MB : Il a été repris. Il devrait réouvrir d'ici la fin de l'année.

IAH : Les patrons du Medef sont en désaccord avec le gouvernement du Pays. Steve Hamblin parle de "perte de confiance" entre les chefs d'entreprise et le gouvernement, qu'est-ce qui se passe ?

MB : C'est simple. Quand on prend une mesure, on a soit les patrons qui nous disent que l'on est anti-entreprise, soit les citoyens qui disent que l'on est copain avec les grands patrons. Quand j'entends Steve Hamblin dire que les patrons ont baissé leur marge et qu'il se demande ce que fait le Pays, j'aimerais rappeler que nous avons rendu à l'économie 9 milliards en supprimant la taxe sociale. Il faut arrêter de tirer sur l'ambulance. 

IAH : Sa demande de baisser les taxes, vous en pensez quoi ?

MB : Ça a été tenté à une époque sur les cotisations sociales. L'idée était de baisser les cotisations patronales pour qu'il y ait plus d'embauches, ça n'a pas fonctionné. Aujourd'hui, nous sommes prudents sur ce genre de dispositif. Ce sont les mêmes entreprises, si nous baissons les taxes, qui viendront se plaindre d'une baisse de la commande publique. Baisser les taxes n'est pas la solution, nous sommes en train de les ajuster, c'est ce que nous faisons avec la taxe de développement locale (TDL). Il y a des accords d'exclusivité à supprimer.

IAH : Qu'est-ce que vous allez faire pour relancer la machine ?

MB : La machine n'est pas arrêtée. Lisez les chiffres, le tourisme est encore en hausse, on a eu une année 2024 record et 2025 est bien partie pour battre l'année dernière. Il faut arrêter de faire du catastrophisme.

IAH : Le CHPF mais aussi l'hôpital de Uturoa sont au bord de l'asphyxie, on a l'impression que l'on met une rustine et que ça relâche après, qu'est-ce qui ne va pas ?

MB : Pendant 10 ans, aucun investissement n'a été fait. On se retrouve avec tout cela à rattraper, ce n'est pas évident. Il y a des malfaçons sur le toit du CHPF par exemple qui font que dès qu'il pleut, l'eau s'infiltre. Ce sont des dépenses énormes. Nous sommes à 15 milliards de francs d'estimation de travaux au CHPF.

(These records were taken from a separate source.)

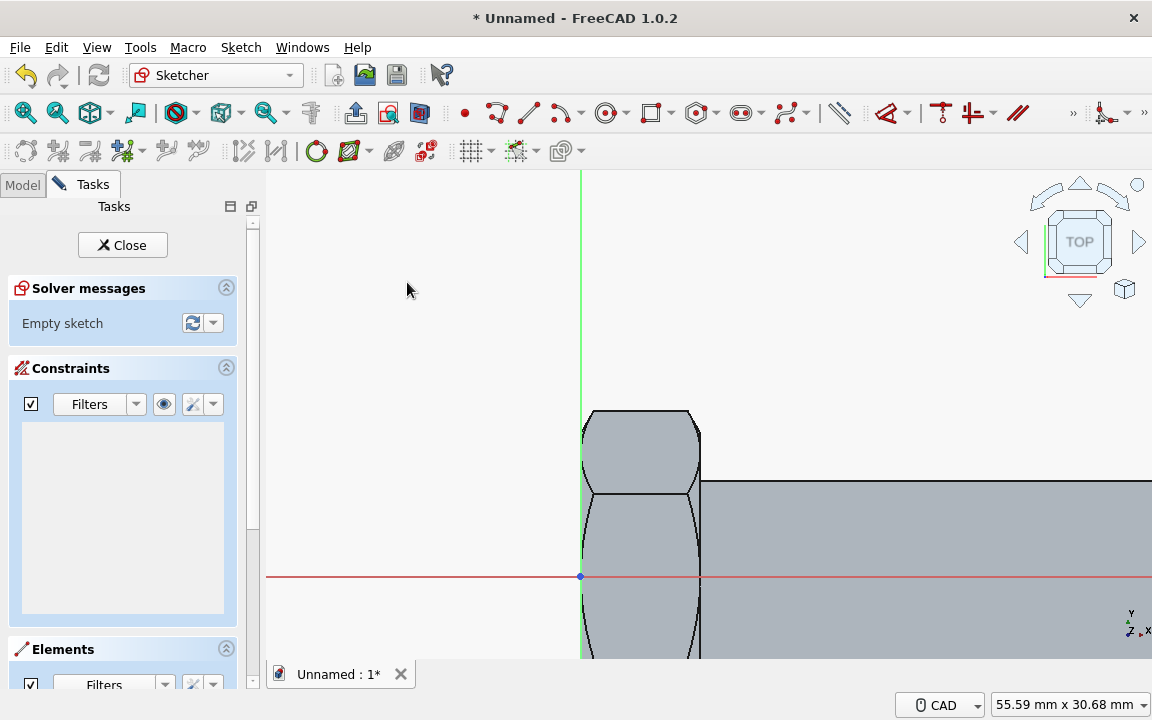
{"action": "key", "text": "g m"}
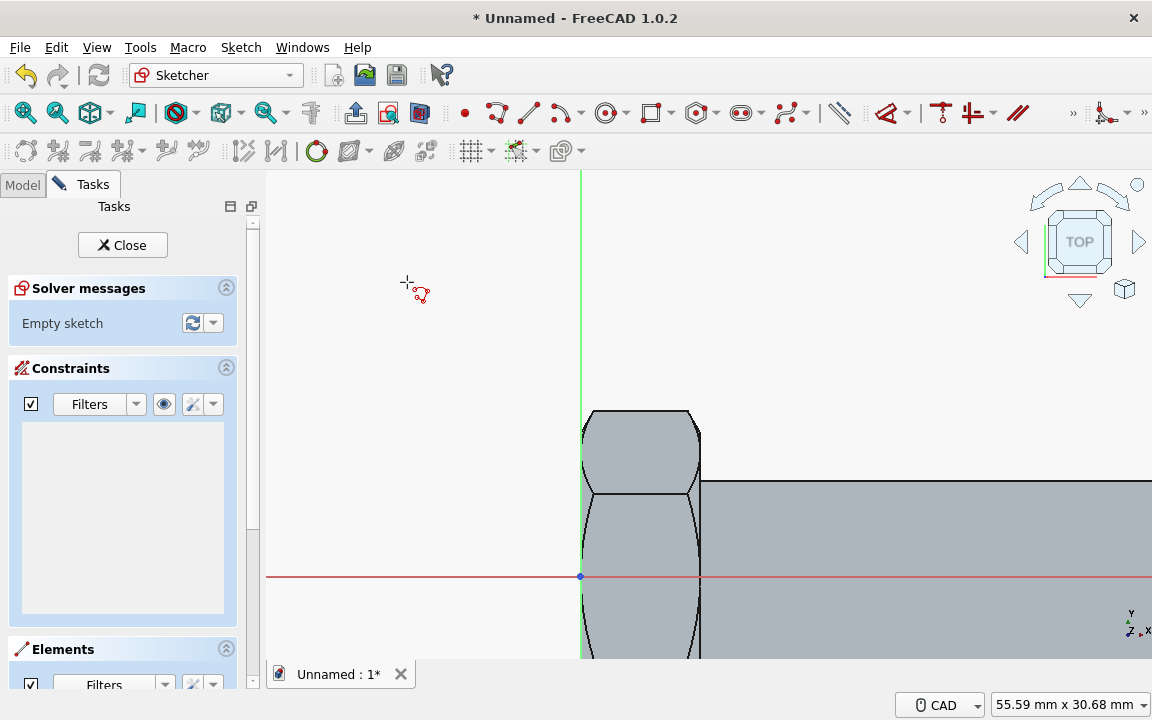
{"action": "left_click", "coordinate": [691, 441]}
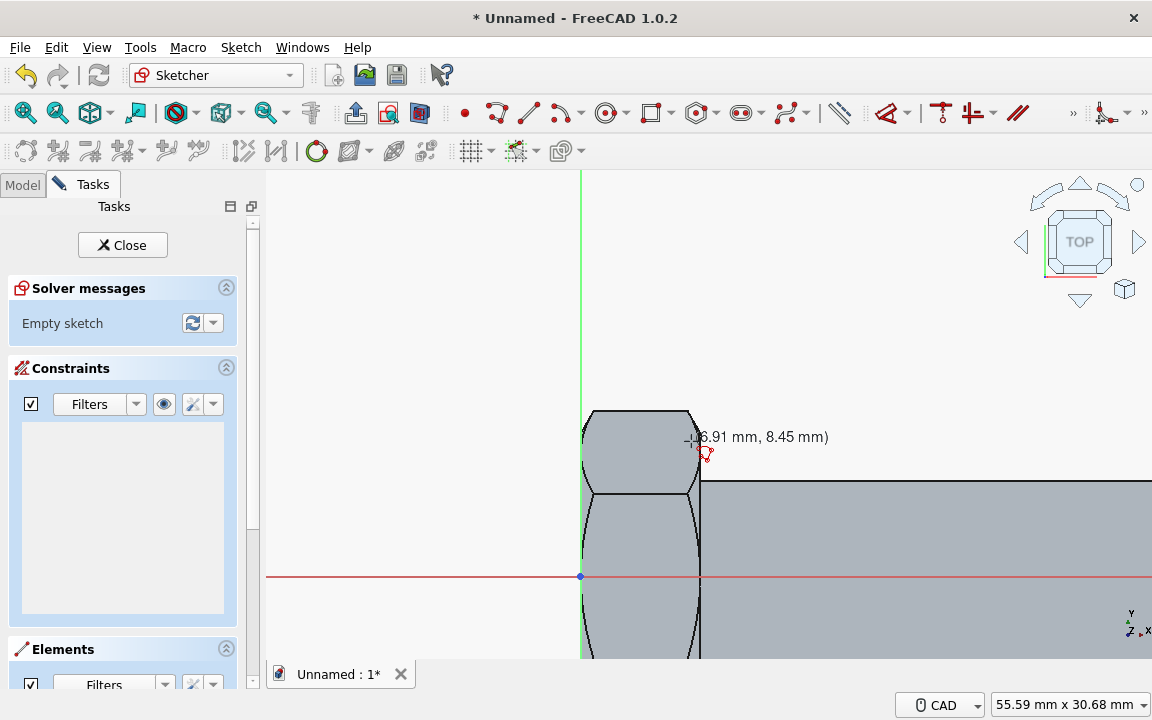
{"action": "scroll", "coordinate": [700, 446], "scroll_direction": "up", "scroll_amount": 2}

IAH : Et pour ce qui concerne Uturoa ?

MB : Les travaux sont en cours. La difficulté est de rénover sans interrompre l'activité de l'hôpital. On a un hôpital de campagne qui va nous être livré l'année prochaine qui permettra d'installer rapidement un deuxième hôpital le temps que l'ancien soit rénové.

IAH : Un mot sur la réforme du mode de scrutin. La mission parlementaire composée des 3 députés polynésiens propose des retouches. Le seuil du second tour qui pourrait passer de 12,5% à 7 ou 10%, la prime majoritaire pourrait être ramené de 33% à 25% et concernant le nombre d'élus, Ahip a proposé de passer de 57 à 41 élus, ça ferait des économies, quel est votre avis ?

MB : C'est plus facile de faire ces préconisations quand on est dans la minorité (rires). Je ne suis pas forcément opposé à ces propositions. Il faut quand même que la majorité qui se dégage soit suffisante pour que l'on ait une stabilité. Je n'ai pas oublié les années d'instabilité entre 2004 et 2013.

IAH : Quel serait le meilleur moment pour réformer ?

MB : Ça ne peut pas se faire en milieu de mandat. Il faut le faire juste avant les élections territoriales.

IAH : Donnez-nous des raisons d'être optimiste.

MB : L'économie va bien. Les prix ne sont pas satisfaisants mais ils ne le sont nulle part dans le monde. L'emploi est au plus haut, le nombre d'entreprises créées est en augmentation et le tourisme se porte bien.